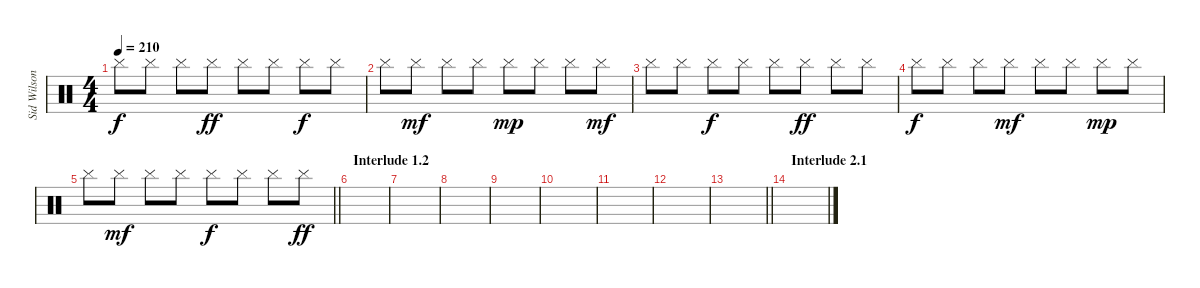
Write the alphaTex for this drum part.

\track ("Sid Wilson" "Sid Wilson") {instrument percussion}
\staff {score}
\articulation defaults
\ts (4 4)
\tempo 210
\clef neutral
\ks c "Cymbal (hit)".8{dy f} "Cymbal (hit)".8 "Cymbal (hit)".8 "Cymbal (hit)".8{dy ff} "Cymbal (hit)".8 "Cymbal (hit)".8 "Cymbal (hit)".8{dy f} "Cymbal (hit)".8
|
"Cymbal (hit)".8 "Cymbal (hit)".8{dy mf} "Cymbal (hit)".8 "Cymbal (hit)".8 "Cymbal (hit)".8{dy mp} "Cymbal (hit)".8 "Cymbal (hit)".8 "Cymbal (hit)".8{dy mf} |
"Cymbal (hit)".8 "Cymbal (hit)".8 "Cymbal (hit)".8{dy f} "Cymbal (hit)".8 "Cymbal (hit)".8 "Cymbal (hit)".8{dy ff} "Cymbal (hit)".8 "Cymbal (hit)".8 |
"Cymbal (hit)".8{dy f} "Cymbal (hit)".8 "Cymbal (hit)".8 "Cymbal (hit)".8{dy mf} "Cymbal (hit)".8 "Cymbal (hit)".8 "Cymbal (hit)".8{dy mp} "Cymbal (hit)".8 |
\barLineRight lightlight "Cymbal (hit)".8 "Cymbal (hit)".8{dy mf} "Cymbal (hit)".8 "Cymbal (hit)".8 "Cymbal (hit)".8{dy f} "Cymbal (hit)".8 "Cymbal (hit)".8 "Cymbal (hit)".8{dy ff}
|
\section ("" "Interlude 1.2")
|
|
|
|
|
|
|
\barLineRight lightlight
|
\section ("" "Interlude 2.1")
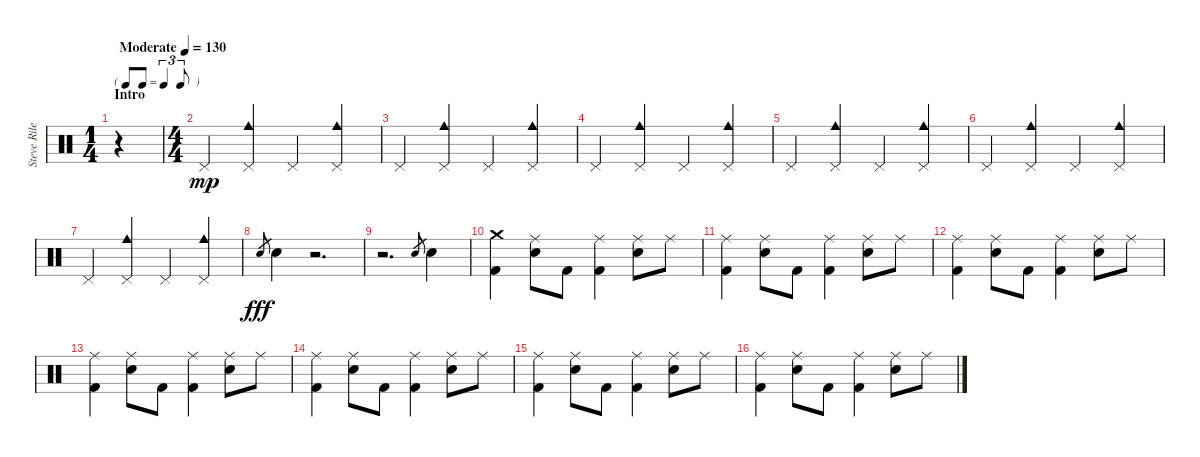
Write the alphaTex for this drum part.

\track ("Steve Riley - Drums" "Steve Rile") {instrument percussion}
\staff {score}
\articulation defaults
\ts (1 4)
\tf triplet8th
\section ("" "Intro")
\tempo (130 "Moderate")
\clef neutral
\ks c
r.4{dy mp} |
\ts (4 4)
"Pedal Hi-Hat (hit)".4 ("Cowbell medium (hit)" "Pedal Hi-Hat (hit)").4 "Pedal Hi-Hat (hit)".4 ("Cowbell medium (hit)" "Pedal Hi-Hat (hit)").4 |
"Pedal Hi-Hat (hit)".4 ("Cowbell medium (hit)" "Pedal Hi-Hat (hit)").4 "Pedal Hi-Hat (hit)".4 ("Cowbell medium (hit)" "Pedal Hi-Hat (hit)").4 |
"Pedal Hi-Hat (hit)".4 ("Cowbell medium (hit)" "Pedal Hi-Hat (hit)").4 "Pedal Hi-Hat (hit)".4 ("Cowbell medium (hit)" "Pedal Hi-Hat (hit)").4 |
"Pedal Hi-Hat (hit)".4 ("Cowbell medium (hit)" "Pedal Hi-Hat (hit)").4 "Pedal Hi-Hat (hit)".4 ("Cowbell medium (hit)" "Pedal Hi-Hat (hit)").4 |
"Pedal Hi-Hat (hit)".4 ("Cowbell medium (hit)" "Pedal Hi-Hat (hit)").4 "Pedal Hi-Hat (hit)".4 ("Cowbell medium (hit)" "Pedal Hi-Hat (hit)").4 |
"Pedal Hi-Hat (hit)".4 ("Cowbell medium (hit)" "Pedal Hi-Hat (hit)").4 "Pedal Hi-Hat (hit)".4 ("Cowbell medium (hit)" "Pedal Hi-Hat (hit)").4 |
"Electric Snare (hit)".8{gr dy fff} "Electric Snare (hit)".4 r.2{d} |
r.2{d} "Electric Snare (hit)".8{gr} "Electric Snare (hit)".4 |
("Crash medium (hit)" "Kick (hit) 2").4 ("Ride (middle)" "Electric Snare (hit)").8 "Kick (hit) 2".8 ("Ride (middle)" "Kick (hit) 2").4 ("Ride (middle)" "Electric Snare (hit)").8 "Ride (middle)".8 |
("Ride (middle)" "Kick (hit) 2").4 ("Ride (middle)" "Electric Snare (hit)").8 "Kick (hit) 2".8 ("Ride (middle)" "Kick (hit) 2").4 ("Ride (middle)" "Electric Snare (hit)").8 "Ride (middle)".8 |
("Ride (middle)" "Kick (hit) 2").4 ("Ride (middle)" "Electric Snare (hit)").8 "Kick (hit) 2".8 ("Ride (middle)" "Kick (hit) 2").4 ("Ride (middle)" "Electric Snare (hit)").8 "Ride (middle)".8 |
("Ride (middle)" "Kick (hit) 2").4 ("Ride (middle)" "Electric Snare (hit)").8 "Kick (hit) 2".8 ("Ride (middle)" "Kick (hit) 2").4 ("Ride (middle)" "Electric Snare (hit)").8 "Ride (middle)".8 |
("Ride (middle)" "Kick (hit) 2").4 ("Ride (middle)" "Electric Snare (hit)").8 "Kick (hit) 2".8 ("Ride (middle)" "Kick (hit) 2").4 ("Ride (middle)" "Electric Snare (hit)").8 "Ride (middle)".8 |
("Ride (middle)" "Kick (hit) 2").4 ("Ride (middle)" "Electric Snare (hit)").8 "Kick (hit) 2".8 ("Ride (middle)" "Kick (hit) 2").4 ("Ride (middle)" "Electric Snare (hit)").8 "Ride (middle)".8 |
("Ride (middle)" "Kick (hit) 2").4 ("Ride (middle)" "Electric Snare (hit)").8 "Kick (hit) 2".8 ("Ride (middle)" "Kick (hit) 2").4 ("Ride (middle)" "Electric Snare (hit)").8 "Ride (middle)".8

YOUR TASK =
Take every line from the data that contains the word "Interlude".

RESPONSE TO THIS TASK =
\section ("" "Interlude 1.2")
\section ("" "Interlude 2.1")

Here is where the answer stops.